**Data excerpts**
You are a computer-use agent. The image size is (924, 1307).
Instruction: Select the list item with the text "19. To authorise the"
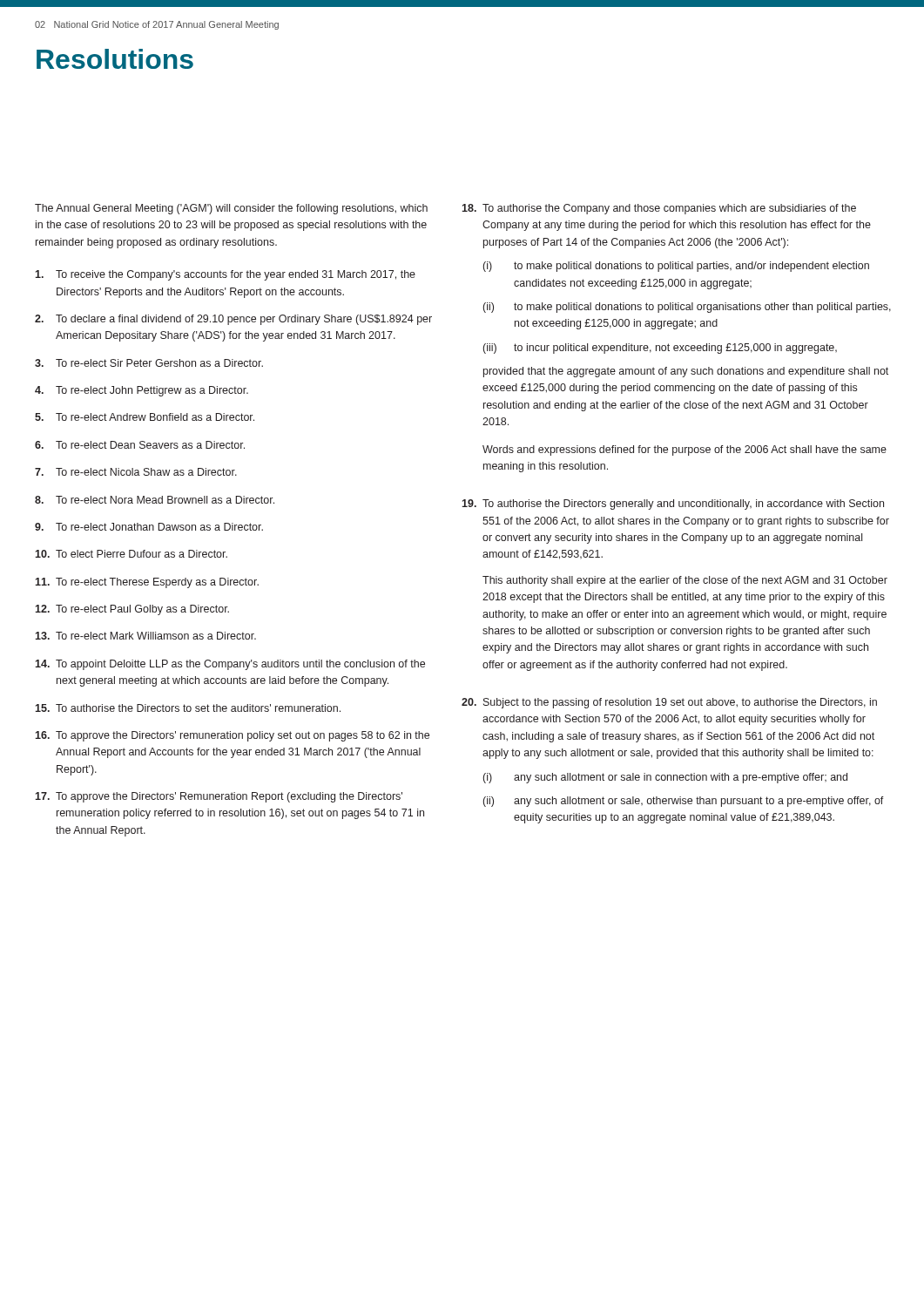pyautogui.click(x=677, y=590)
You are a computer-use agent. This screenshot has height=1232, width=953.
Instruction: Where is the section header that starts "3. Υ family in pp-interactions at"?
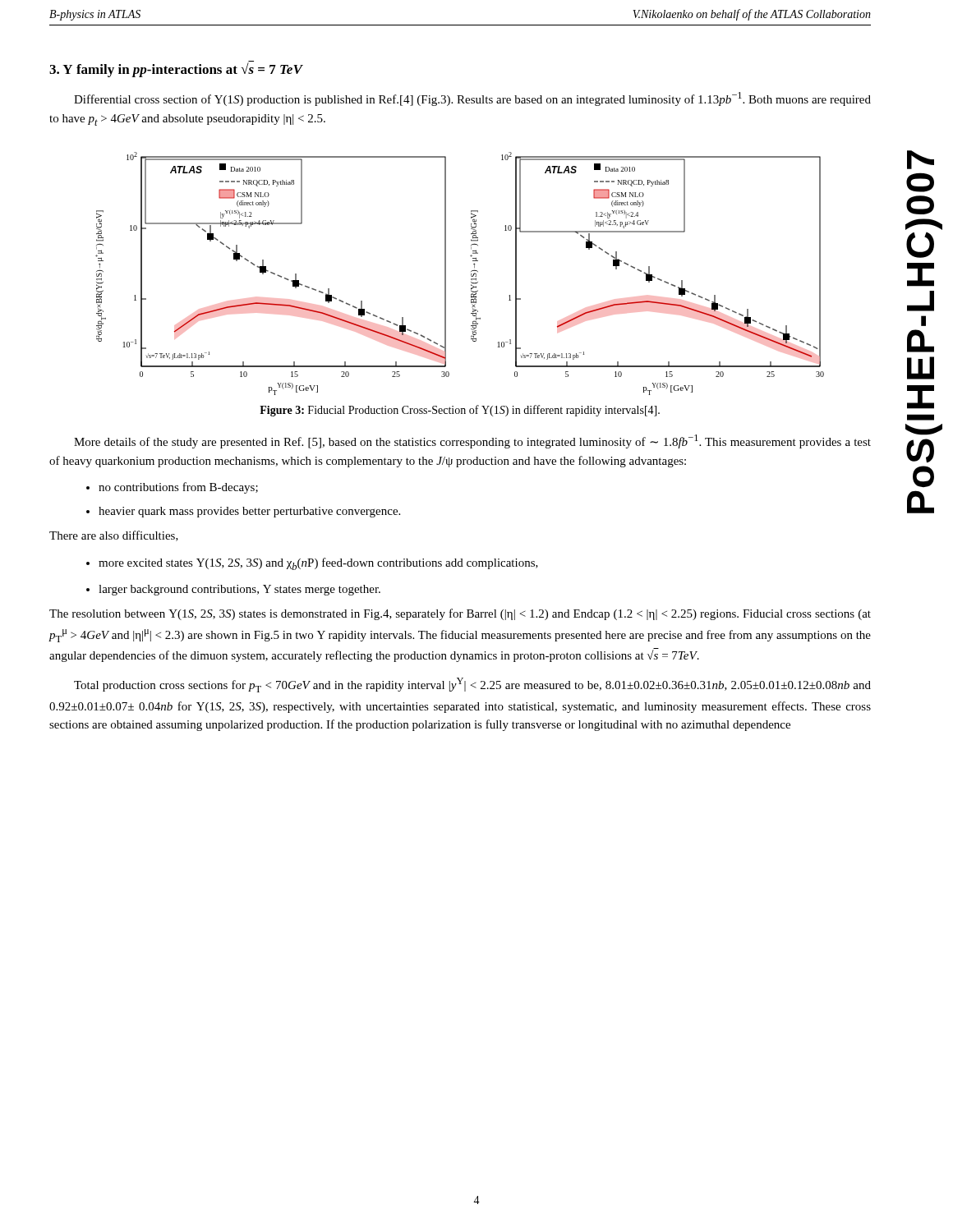click(x=176, y=70)
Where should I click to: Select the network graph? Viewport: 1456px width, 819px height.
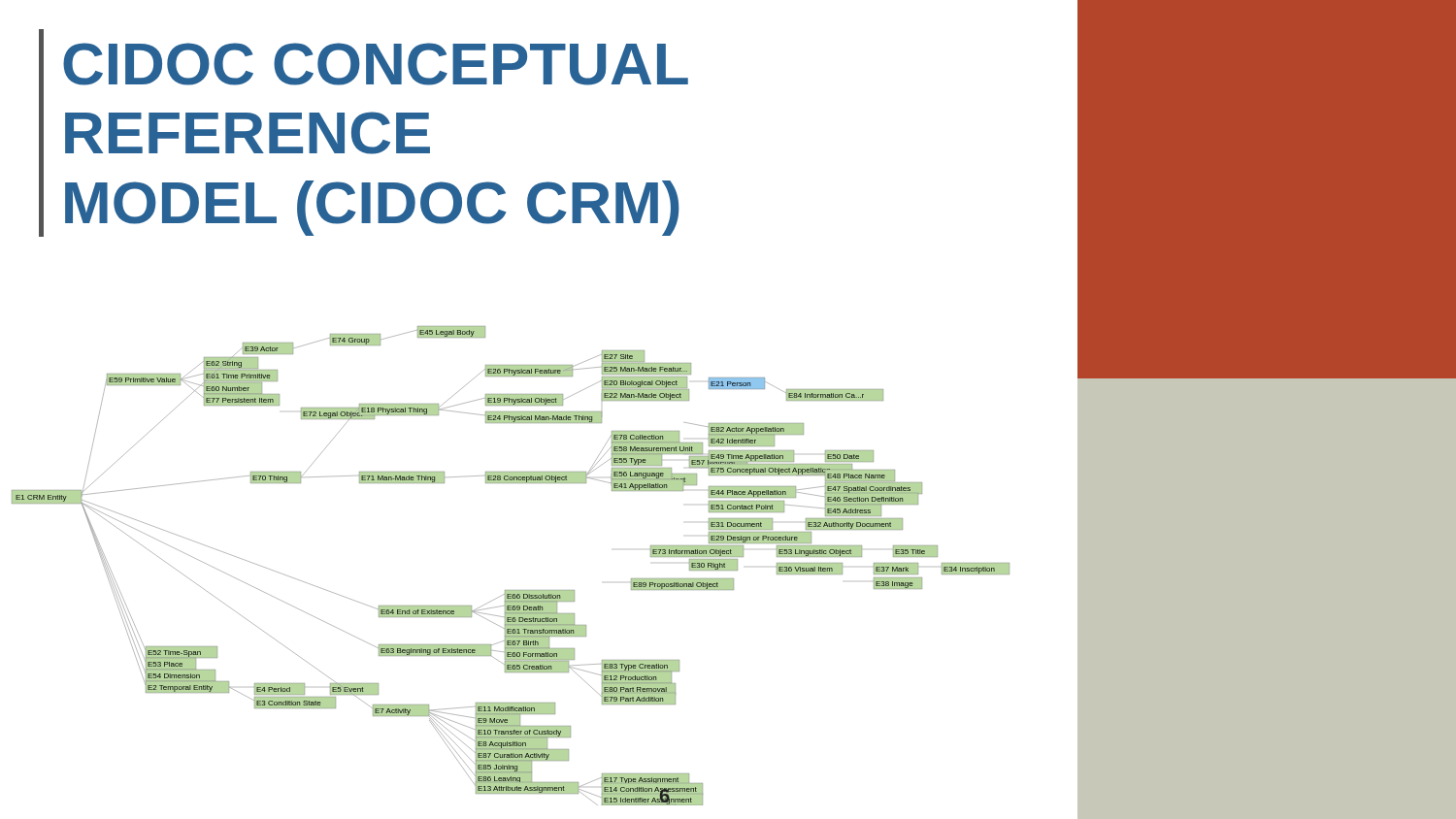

**What the exercise asks**
Without any pictures, retype the records above exactly.

**Task response**
You are a computer-use agent. The image size is (924, 1307).
Instruction: Select the list item with the text "19. To authorise the"
pyautogui.click(x=677, y=590)
You are a computer-use agent. This screenshot has height=1232, width=953.
Instruction: Where is the section header that starts "3. Υ family in pp-interactions at"?
click(x=176, y=70)
Where should I click to: Select the network graph? Viewport: 1456px width, 819px height.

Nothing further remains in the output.